Children in foster care face many challenges and, for many, affording college is one of the greatest. Less than half of foster youth graduate from high school and only six percent earn a college degree.
Foster parents cannot be counted on for financial support through college. While some do help by taking on the role of parents to kids who are emancipating from the system, many foster parents are caring for multiple children and can’t afford to help pay for college for each of them.
The problem for foster youth who want to go to college is that they have the same dreams as other young people do but fewer resources ; the problem for society is that, unless these kids get an education, they may become lifelong drains on the welfare system. For that reason, the federal government and several states offer college financial assistance programs for foster youth.
Although some foster children are adopted, most simply “age out” at eighteen years of age. These children are termed emancipated, and are considered independent for purposes of deciding college financial need. They have the same access to federal and state grants as other students; Pell Grants, which do not have to be repaid, and loans like the Stafford that may be subsidized.

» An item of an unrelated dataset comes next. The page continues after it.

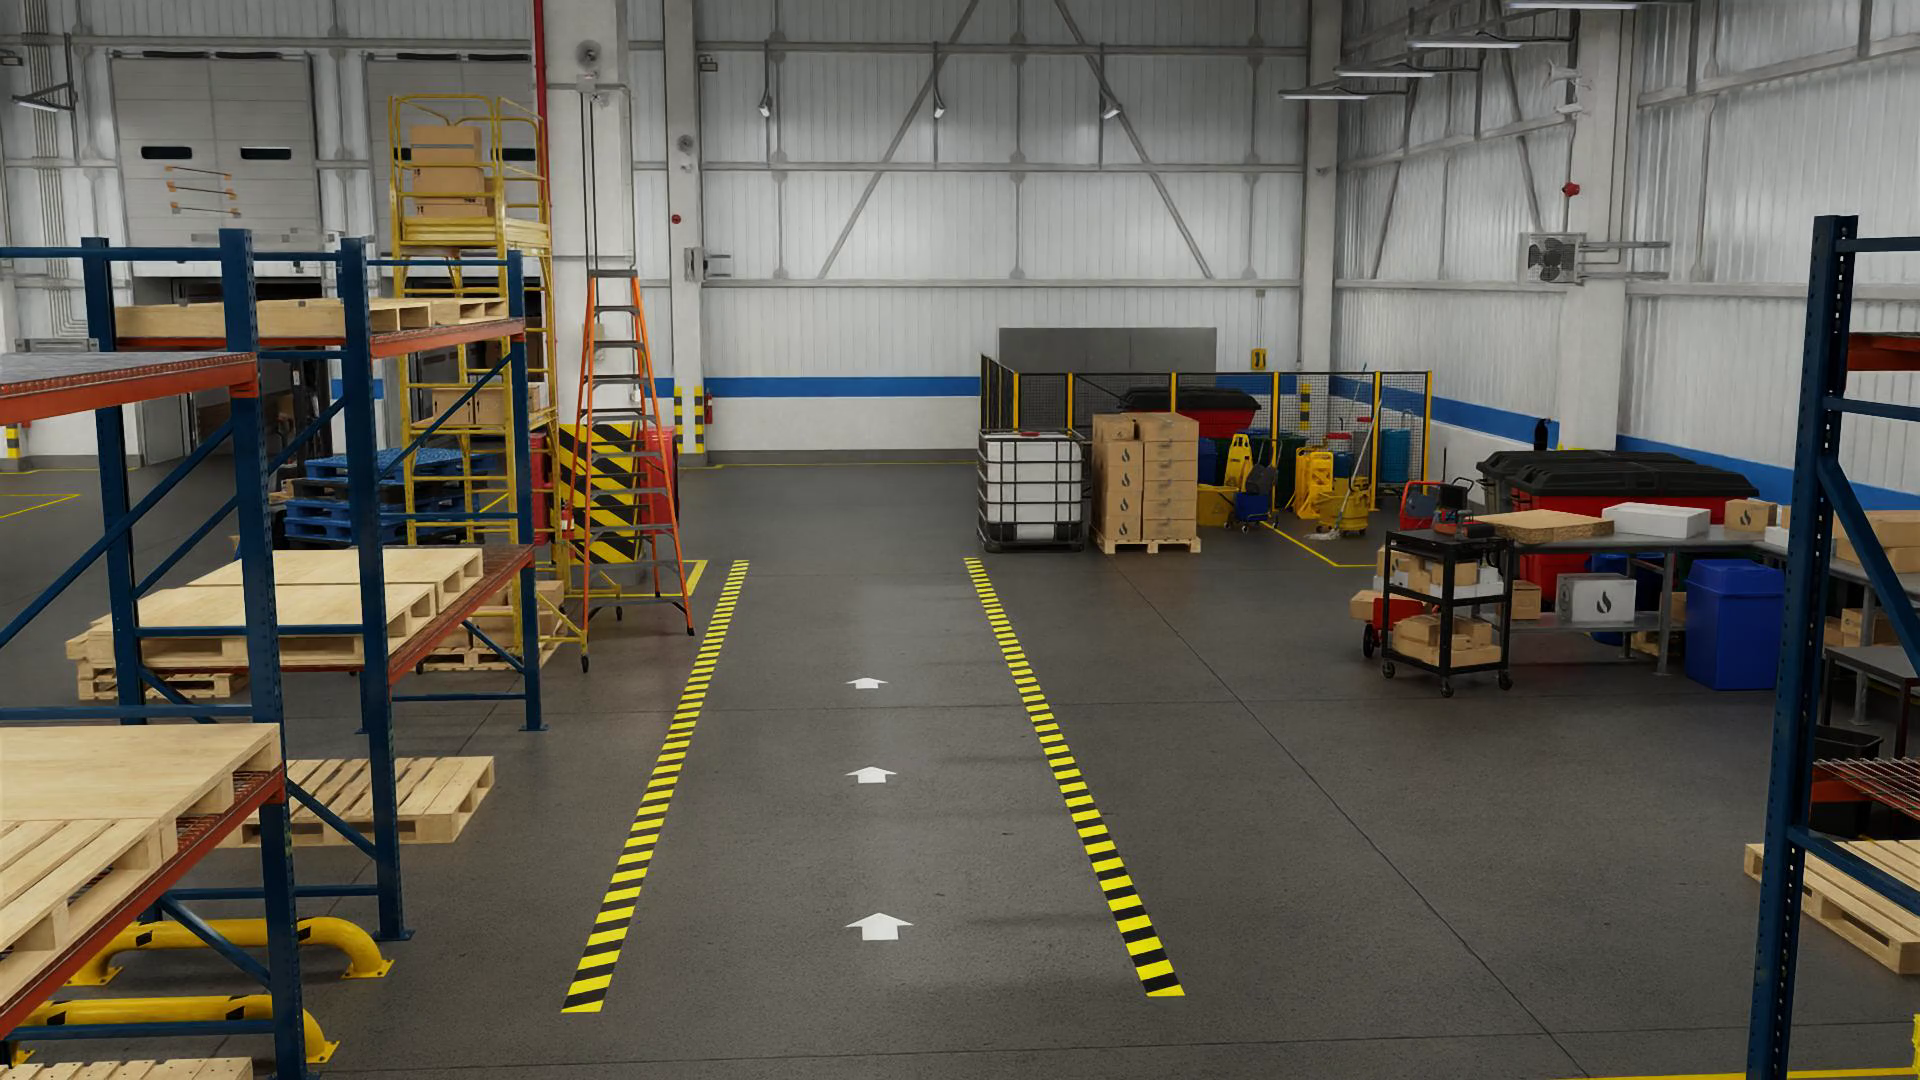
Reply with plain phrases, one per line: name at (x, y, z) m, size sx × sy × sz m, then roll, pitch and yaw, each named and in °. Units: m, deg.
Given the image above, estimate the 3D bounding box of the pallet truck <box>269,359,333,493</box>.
pallet truck at (-7.062, -1.131, 18.996) m, size 1.885 × 1.965 × 0.823 m, roll 2°, pitch 9°, yaw 13°

In addition, though, several states offer tuition waivers, according to the Spark Action website. For instance, California State University at Fullerton partners with the county foster care program to provide tuition, books and year-round housing. That last need is vital; kids who age out of the system often don’t have a home to go to during school breaks. They also receive a faculty mentor trained to address their special needs.
Those youth fortunate enough to be adopted have resources as well. According to The North American Council on Adopted Children, or NACAC, website, the government passed a bill that says children who are adopted from the foster care system after age 13 can be listed as emancipated and don’t have to count their family income on their FAFSA forms. Children adopted after age 16 qualify to receive the ETV, or Education and Training Voucher, award. This is a grant of up to $5,000 per year, funded by the federal government and administered through the states. Students can find out about the grant through human services departments and usually are required to submit a personal essay.
The first step for foster youth looking for financial assistance is filling out the FAFSA form. On it, the youth need to check the status option “orphan, or ward of the court.” This signals the program that the applicant will qualify for higher award amounts. In addition, foster youth should check with their departments of human services to find out about the financial aid available to young people coming out of the foster care system. Although there is no legislation that demands standardized assistance, many states do help by offering tuition waivers or scholarships. There are also private scholarships that target former foster care youth. In addition, there are other organizational opportunities available. The Casey Foundation, long a voice for helping foster youth succeed, offers over a million dollars in scholarships and the Foster Care to Success program partners with other organizations and donors to provide scholarships of $1,500 to $5,000 to cover books, tuition and other expenses for one year.
Kids who come out of the foster care system have already faced many obstacles. They don’t usually have the resources that other students have when it comes to paying for college. Foster parents who might otherwise help often cannot. State reimbursement rates for foster care are too low to allow most to set up college funds in advance for children who live with them. Youth who have come through the foster care system and who are determined to further their educations must have help affording college.